Risk sentiment was positive overnight as the Nikkei 225 (0.21%), ASX (0.25%) and Shanghai Composite (0.37%) all closed higher. It was interesting as it followed a pretty negative closer over in the US. The Fed’s dovish tone has been cited for the reason for the positive sentiment overnight. 

Overnight the dollar index traded flat and the main mover was GBP/USD which only traded 0.15% higher as most major FX pairs traded within their ranges. Copper was up another 0.92% and spot WTI also gained 0.82%. 

On the news front, Germany’s financial regulator says cryptocurrency exchange Binance may have violated securities rules.

With inflation running rampant at the moment, data showed Australian Q1 export prices surged 11.2% q/q.

In the U.S., in President Biden’s first speech to congress, he said “We are in a competition with China”. The President also called on Congress to pass the $15/hr minimum wage deal.

Fed Chair Powell said China’s approach to digital currency would not work in the U.S..

The U.S. is to deliver $100m in supplies to India in the coming days for coronavirus relief

Just a reminder that the Fed left rates unchanged and pushed back on rumours that they were planned to taper QE early.
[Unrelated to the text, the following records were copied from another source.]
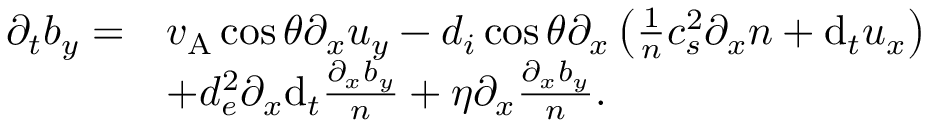<formula> <loc_0><loc_0><loc_500><loc_500>\begin{array} { r l } { \partial _ { t } b _ { y } = } & { v _ { A } \cos \theta \partial _ { x } u _ { y } - d _ { i } \cos \theta \partial _ { x } \left ( \frac { 1 } { n } c _ { s } ^ { 2 } \partial _ { x } n + d _ { t } u _ { x } \right ) } \\ & { + d _ { e } ^ { 2 } \partial _ { x } d _ { t } \frac { \partial _ { x } b _ { y } } { n } + \eta \partial _ { x } \frac { \partial _ { x } b _ { y } } { n } . } \end{array}</formula> 
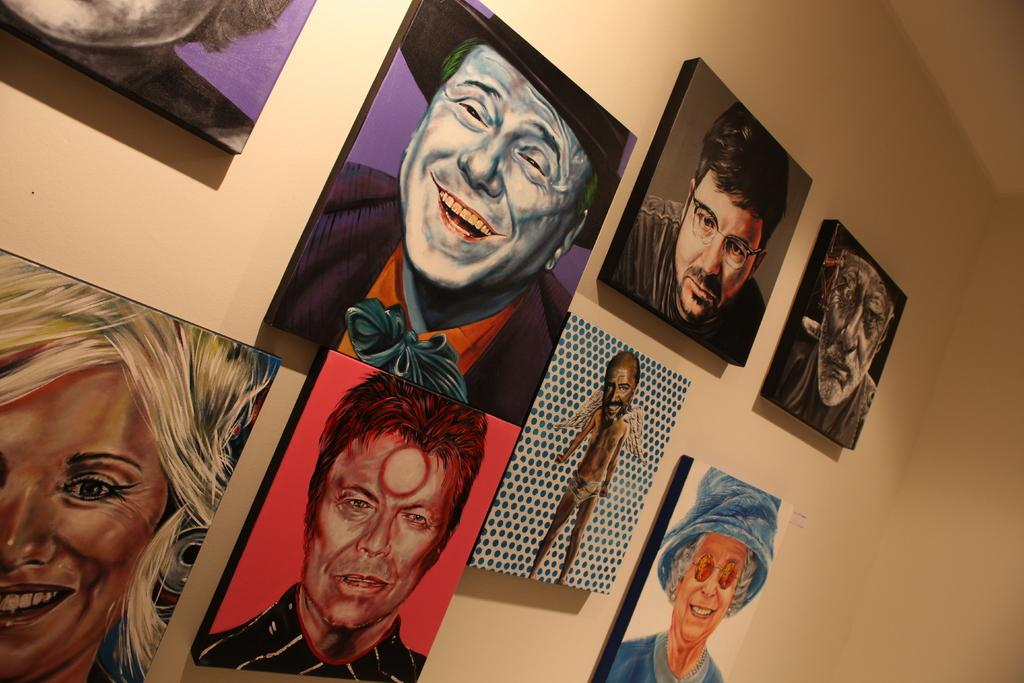What type of decorations can be seen in the image? There are wall hangings in the image. How are the wall hangings positioned in the image? The wall hangings are attached to the wall. What type of insurance is required for the wall hangings in the image? There is no mention of insurance in the image, and it is not necessary for wall hangings. 
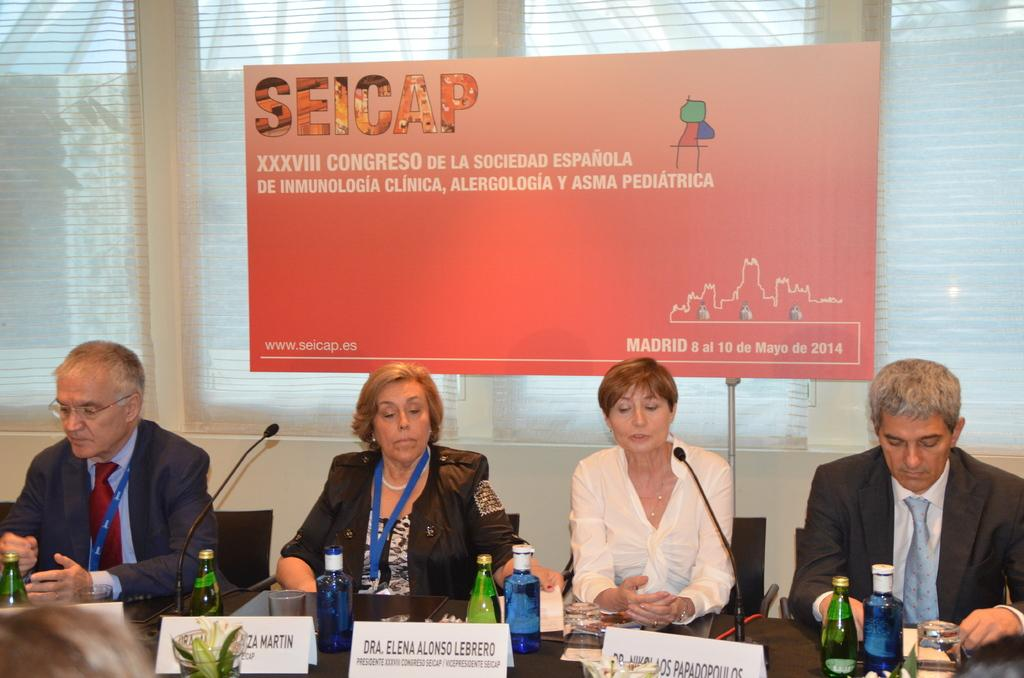<image>
Provide a brief description of the given image. four people sitting at a table in front of a sign that says SEICAP at the top 
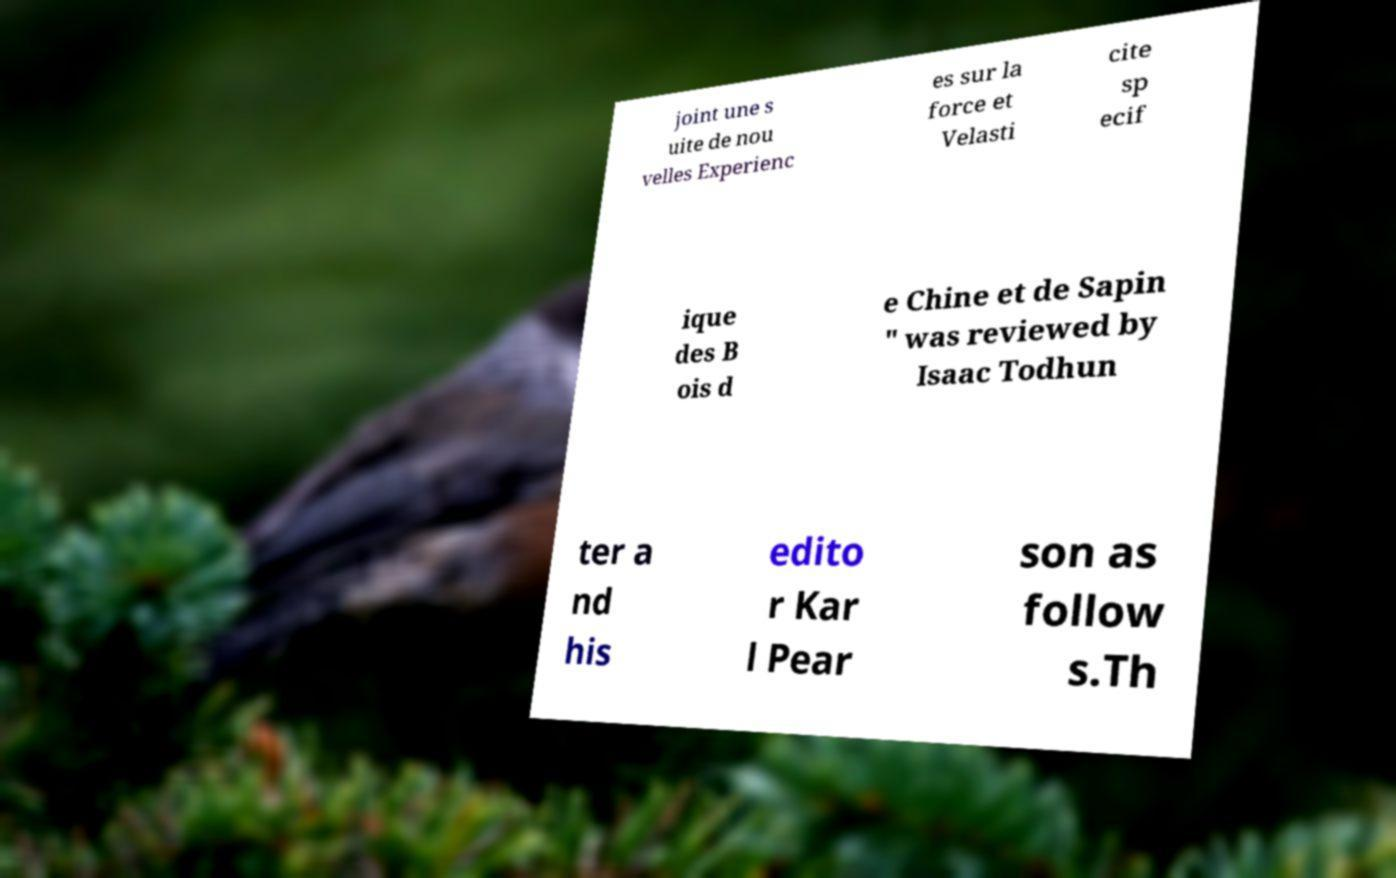Can you accurately transcribe the text from the provided image for me? joint une s uite de nou velles Experienc es sur la force et Velasti cite sp ecif ique des B ois d e Chine et de Sapin " was reviewed by Isaac Todhun ter a nd his edito r Kar l Pear son as follow s.Th

Fed Chair Powell said the recovery remains incomplete but has occurred much quicker than the central bank thought. 

Glencore have released a production update, FY production guidance maintained for key commodities. Own source copper output hit 301,200 Tons +2.7% Y/Y.

Looking ahead to the rest of the session highlights include German import price index, German CPI, German employment data, EU service and industrial sentiment, U.S. GDP, U.S. initial jobless claims, U.S. pending home sales and comments from Fed’s Williams and Quarles.